Plusieurs d’entre eux ou leurs conseillers étaient présents. Le Collectif CHUM douvan douvan était solidaire du mouvement. Après une opération molokoy (escargot) sur l’autoroute en direction de Fort-de-France, et un passage dans la zone commerciale de la Jambette, environ 200 agents hospitaliers du CH de Trinité ainsi que d’autres établissements de Santé en soutien, sont arrivés avec banderoles et pancartes devant l’ARS (Agence régionale de Santé). Tous pointaient, en levant un carton rouge, le désengagement de l’ARS et de l’État, qui n’ont toujours pas entamé les travaux de reconstruction de l’hôpital après plus de dix ans. Après plusieurs prises de parole, une délégation, composée de représentants syndicaux, représentants des différents services de l’hôpital et des élus, a été reçue par le directeur de l’ARS.
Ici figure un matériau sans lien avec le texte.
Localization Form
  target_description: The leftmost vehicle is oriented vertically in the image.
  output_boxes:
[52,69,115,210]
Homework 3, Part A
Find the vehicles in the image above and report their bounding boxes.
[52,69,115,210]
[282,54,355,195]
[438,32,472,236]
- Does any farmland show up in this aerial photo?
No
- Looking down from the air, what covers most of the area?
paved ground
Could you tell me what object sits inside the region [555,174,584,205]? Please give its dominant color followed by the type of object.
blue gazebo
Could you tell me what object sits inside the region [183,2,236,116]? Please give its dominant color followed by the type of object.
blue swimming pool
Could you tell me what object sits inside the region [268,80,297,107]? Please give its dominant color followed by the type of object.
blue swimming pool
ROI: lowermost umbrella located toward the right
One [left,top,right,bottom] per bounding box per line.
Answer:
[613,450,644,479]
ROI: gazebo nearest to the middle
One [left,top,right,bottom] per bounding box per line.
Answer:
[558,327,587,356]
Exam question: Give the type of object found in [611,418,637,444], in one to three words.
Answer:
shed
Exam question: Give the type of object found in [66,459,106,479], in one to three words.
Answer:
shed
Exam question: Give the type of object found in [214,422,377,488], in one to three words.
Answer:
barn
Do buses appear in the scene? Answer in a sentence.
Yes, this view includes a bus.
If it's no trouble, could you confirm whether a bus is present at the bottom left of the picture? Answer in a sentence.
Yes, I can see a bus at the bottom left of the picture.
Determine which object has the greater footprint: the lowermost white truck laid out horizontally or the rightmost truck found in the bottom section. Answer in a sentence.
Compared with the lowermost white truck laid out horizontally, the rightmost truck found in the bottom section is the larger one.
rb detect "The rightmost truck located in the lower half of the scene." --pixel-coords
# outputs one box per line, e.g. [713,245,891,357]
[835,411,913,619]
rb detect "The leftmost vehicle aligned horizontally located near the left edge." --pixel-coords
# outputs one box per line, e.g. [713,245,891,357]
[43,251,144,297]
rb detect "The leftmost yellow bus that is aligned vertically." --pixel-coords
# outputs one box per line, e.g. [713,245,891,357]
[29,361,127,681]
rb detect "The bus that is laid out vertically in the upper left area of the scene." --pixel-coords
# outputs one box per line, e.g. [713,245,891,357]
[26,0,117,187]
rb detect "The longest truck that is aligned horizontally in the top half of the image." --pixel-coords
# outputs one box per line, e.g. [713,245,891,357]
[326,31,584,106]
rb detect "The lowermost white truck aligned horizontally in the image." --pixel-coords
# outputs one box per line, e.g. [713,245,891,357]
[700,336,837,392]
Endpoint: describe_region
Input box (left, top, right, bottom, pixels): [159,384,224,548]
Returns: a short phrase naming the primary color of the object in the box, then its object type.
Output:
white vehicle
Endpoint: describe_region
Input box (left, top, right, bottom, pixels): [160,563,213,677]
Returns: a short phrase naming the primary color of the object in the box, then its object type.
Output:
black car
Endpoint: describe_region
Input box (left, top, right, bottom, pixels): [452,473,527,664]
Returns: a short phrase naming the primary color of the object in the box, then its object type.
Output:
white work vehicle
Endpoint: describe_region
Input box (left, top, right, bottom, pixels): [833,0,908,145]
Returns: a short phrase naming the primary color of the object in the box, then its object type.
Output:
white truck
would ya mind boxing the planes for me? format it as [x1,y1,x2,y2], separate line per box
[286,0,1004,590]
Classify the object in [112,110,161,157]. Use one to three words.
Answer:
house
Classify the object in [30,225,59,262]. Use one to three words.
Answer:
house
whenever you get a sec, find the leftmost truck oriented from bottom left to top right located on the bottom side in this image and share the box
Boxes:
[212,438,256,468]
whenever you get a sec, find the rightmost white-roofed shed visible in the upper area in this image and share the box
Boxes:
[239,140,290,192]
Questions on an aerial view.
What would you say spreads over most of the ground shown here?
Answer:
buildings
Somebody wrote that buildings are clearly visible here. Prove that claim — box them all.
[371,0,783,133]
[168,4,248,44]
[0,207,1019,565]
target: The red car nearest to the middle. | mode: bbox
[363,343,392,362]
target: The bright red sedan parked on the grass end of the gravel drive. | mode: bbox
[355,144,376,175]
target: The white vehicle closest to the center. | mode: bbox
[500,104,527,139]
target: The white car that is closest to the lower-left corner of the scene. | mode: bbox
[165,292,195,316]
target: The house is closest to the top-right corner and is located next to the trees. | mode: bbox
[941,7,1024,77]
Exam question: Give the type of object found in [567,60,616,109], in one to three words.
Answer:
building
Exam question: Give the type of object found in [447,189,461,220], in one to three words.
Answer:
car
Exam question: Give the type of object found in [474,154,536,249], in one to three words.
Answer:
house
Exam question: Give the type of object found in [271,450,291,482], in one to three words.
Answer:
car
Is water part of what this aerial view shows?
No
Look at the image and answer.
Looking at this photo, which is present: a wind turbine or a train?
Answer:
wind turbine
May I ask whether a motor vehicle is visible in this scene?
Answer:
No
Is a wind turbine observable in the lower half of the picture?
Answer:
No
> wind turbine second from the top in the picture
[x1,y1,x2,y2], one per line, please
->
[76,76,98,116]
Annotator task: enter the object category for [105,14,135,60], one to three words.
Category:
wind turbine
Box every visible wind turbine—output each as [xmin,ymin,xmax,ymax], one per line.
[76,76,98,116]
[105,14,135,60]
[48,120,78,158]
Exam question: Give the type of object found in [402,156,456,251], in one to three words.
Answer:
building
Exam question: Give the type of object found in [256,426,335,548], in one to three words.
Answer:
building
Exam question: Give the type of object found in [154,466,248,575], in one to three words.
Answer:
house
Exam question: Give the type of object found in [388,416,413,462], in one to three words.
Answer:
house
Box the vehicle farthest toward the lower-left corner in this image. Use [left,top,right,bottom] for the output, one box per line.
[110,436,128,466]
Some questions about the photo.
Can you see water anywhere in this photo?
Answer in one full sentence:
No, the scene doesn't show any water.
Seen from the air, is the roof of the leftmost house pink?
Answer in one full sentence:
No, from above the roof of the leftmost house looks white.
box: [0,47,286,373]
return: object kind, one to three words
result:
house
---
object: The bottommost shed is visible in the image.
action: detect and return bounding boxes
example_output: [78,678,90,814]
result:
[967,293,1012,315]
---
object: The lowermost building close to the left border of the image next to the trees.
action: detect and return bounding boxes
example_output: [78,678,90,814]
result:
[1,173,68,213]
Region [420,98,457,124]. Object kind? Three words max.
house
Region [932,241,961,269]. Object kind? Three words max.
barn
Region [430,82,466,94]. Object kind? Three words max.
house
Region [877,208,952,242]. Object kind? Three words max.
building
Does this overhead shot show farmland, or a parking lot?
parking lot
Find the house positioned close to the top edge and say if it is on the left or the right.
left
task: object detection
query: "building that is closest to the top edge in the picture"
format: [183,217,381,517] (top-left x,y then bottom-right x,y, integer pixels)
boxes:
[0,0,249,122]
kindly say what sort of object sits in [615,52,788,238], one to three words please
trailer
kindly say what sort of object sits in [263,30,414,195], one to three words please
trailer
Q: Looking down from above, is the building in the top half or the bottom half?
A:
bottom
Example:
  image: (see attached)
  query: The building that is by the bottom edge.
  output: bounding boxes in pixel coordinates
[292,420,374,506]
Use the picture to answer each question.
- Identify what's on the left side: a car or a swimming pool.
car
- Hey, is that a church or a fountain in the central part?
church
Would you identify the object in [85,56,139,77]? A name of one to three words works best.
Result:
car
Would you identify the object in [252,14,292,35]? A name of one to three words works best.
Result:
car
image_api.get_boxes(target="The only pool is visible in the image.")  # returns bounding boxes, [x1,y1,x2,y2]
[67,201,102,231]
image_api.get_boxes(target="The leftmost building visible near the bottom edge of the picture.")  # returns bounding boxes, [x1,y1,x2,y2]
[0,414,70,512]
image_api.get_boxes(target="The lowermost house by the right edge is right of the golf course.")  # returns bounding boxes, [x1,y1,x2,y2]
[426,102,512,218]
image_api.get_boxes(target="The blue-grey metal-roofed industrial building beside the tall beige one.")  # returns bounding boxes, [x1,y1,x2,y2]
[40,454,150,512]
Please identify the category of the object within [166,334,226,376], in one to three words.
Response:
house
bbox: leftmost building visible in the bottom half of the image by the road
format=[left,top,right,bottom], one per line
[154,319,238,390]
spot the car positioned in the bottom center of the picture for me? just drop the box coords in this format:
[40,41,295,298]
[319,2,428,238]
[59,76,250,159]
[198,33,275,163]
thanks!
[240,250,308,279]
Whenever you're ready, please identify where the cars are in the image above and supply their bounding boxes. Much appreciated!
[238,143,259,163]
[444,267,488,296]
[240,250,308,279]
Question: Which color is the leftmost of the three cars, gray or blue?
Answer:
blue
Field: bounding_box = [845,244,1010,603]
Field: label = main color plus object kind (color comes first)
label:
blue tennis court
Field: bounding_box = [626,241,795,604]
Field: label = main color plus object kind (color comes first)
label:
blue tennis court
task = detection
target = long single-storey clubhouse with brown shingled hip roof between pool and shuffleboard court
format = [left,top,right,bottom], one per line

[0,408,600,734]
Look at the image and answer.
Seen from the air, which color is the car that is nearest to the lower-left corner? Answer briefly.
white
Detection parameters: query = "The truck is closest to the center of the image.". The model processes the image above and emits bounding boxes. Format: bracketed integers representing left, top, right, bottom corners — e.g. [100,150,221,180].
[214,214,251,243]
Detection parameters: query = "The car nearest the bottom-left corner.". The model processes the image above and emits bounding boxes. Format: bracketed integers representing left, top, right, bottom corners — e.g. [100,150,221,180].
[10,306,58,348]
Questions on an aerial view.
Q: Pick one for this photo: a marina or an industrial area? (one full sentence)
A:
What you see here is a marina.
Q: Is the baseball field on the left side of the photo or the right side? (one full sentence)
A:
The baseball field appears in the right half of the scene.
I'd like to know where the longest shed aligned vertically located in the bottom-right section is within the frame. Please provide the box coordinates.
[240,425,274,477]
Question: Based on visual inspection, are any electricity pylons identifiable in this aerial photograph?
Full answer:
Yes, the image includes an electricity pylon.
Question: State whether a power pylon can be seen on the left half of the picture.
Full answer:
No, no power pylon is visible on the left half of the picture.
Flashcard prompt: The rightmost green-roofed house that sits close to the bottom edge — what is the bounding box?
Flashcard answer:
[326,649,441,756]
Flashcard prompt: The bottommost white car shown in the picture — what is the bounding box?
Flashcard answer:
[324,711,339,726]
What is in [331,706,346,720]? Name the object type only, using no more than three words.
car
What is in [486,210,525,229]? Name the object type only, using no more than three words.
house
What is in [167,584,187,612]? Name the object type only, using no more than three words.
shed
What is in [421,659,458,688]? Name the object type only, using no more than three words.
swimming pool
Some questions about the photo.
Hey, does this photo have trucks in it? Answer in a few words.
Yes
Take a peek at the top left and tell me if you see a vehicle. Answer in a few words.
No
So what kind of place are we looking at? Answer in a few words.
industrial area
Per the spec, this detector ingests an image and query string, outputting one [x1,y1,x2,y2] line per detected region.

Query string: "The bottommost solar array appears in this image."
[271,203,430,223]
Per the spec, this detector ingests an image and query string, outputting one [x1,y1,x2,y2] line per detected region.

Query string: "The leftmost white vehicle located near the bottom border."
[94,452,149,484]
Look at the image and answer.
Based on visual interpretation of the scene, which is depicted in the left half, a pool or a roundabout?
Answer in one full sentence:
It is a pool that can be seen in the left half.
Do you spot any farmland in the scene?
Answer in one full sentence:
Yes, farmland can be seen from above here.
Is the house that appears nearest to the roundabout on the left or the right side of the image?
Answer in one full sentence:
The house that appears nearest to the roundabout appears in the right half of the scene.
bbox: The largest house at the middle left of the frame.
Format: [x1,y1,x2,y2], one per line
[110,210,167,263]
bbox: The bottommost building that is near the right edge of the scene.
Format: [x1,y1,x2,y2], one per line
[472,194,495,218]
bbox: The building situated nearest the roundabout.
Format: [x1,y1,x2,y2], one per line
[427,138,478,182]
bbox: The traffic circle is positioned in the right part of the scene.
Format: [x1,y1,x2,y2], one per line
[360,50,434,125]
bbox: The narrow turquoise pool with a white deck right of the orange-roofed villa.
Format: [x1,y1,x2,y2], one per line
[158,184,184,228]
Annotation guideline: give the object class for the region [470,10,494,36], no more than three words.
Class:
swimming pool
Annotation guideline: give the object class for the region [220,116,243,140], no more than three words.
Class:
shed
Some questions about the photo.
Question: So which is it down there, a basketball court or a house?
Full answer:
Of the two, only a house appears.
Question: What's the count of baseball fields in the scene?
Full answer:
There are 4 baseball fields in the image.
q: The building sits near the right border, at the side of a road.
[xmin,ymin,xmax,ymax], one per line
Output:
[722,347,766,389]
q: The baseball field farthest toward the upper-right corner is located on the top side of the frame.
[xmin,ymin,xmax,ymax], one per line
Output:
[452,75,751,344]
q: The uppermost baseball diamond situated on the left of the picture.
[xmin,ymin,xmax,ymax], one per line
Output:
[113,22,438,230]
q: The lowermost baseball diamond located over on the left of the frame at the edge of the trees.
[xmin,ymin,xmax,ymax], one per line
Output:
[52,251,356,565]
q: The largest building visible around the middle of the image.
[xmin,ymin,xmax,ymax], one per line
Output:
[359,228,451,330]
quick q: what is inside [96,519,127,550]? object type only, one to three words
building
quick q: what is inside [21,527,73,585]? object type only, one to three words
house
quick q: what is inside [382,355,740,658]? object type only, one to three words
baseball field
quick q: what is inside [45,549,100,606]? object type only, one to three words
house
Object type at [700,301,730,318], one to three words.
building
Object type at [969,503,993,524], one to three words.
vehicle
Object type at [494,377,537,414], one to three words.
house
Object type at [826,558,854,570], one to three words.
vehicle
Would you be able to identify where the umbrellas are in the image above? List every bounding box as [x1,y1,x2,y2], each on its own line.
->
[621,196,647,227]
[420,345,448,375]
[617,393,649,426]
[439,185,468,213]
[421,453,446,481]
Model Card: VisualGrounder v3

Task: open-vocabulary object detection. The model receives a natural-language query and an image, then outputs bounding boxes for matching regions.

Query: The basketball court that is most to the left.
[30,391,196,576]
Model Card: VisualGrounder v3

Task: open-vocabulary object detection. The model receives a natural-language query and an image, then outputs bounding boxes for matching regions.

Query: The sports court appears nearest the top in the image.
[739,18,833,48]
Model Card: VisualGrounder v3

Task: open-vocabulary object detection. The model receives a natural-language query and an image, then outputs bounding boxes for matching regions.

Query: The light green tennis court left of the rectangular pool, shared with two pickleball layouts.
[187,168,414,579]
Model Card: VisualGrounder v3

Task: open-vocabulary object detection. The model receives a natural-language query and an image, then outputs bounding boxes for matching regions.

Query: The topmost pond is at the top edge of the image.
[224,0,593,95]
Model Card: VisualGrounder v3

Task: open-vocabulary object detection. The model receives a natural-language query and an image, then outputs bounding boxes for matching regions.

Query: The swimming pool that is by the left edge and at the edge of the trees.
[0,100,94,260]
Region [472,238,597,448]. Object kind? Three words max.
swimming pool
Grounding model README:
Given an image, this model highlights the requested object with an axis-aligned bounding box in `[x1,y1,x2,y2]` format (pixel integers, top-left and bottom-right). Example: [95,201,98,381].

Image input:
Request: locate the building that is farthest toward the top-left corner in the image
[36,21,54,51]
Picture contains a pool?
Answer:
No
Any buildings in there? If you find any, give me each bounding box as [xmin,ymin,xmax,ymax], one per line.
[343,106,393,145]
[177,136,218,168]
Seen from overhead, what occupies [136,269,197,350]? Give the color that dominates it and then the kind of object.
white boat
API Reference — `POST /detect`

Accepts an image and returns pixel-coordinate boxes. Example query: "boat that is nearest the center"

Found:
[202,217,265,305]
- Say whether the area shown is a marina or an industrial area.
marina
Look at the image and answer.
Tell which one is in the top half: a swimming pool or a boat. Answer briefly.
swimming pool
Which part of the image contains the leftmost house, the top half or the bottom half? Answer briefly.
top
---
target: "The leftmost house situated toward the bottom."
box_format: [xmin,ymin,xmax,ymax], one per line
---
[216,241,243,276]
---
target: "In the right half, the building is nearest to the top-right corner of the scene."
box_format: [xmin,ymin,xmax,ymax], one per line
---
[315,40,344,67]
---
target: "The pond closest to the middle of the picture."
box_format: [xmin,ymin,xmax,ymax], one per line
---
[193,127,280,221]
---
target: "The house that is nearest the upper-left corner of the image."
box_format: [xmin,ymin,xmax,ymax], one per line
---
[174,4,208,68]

À l’issue de la réunion, celui-ci a annoncé que deux millions d’euros seraient débloqués pour réaliser des travaux de réaménagement en urgence. Il a répété que cet hôpital serait reconstruit… Des déclarations qui restaient imprécises et même, selon les responsables syndicaux, en retrait par rapport à des annonces précédentes. Les agents ont bien compris qu’il leur faudra rester vigilants et mobilisés.


Grève à l’Ehpad du Carbet

L’Ehpad (établissement d’hébergement pour personnes âgées dépendantes) du Carbet a connu une grève à compter du lundi 18 juin. Le personnel, soutenu par la CDMT, a mis en cause la surcharge de travail, les effectifs insuffisants, le manque de matériel. Une gréviste a déclaré (France-Antilles du 20 juin) : « On ne peut plus travailler dans ces conditions ; il faut que ça s’arrête, on est à bout ! ». Une autre pointait le manque de temps pour être à l’écoute des résidents, et regrettait que les mauvaises conditions de travail puissent mener à la maltraitance. Elle signalait qu’en cas de pluie, l’installation – des chauffe-eau solaires – ne débitait que de l’eau froide pour les bains des résidents. Parmi les revendications figuraient également la revalorisation de la prime d’ancienneté, une amélioration de la sécurité de l’établissement la nuit, etc. Dans cette grève un service minimum a bien sûr fonctionné pour les résidents. Après cinq jours de mobilisation, le conflit a été déclaré terminé dans la soirée du 22 juin, un terrain d’entente ayant été trouvé. Dans les discussions le directeur avait fait valoir que le problème du manque d’effectifs dans les Ehpad est national mais disait garder « bon espoir pour l’avenir ». Les grévistes avaient toutes les raisons de vouloir… accélérer l’avenir et de ne pas supporter la situation sous prétexte que « c’est pareil ailleurs ».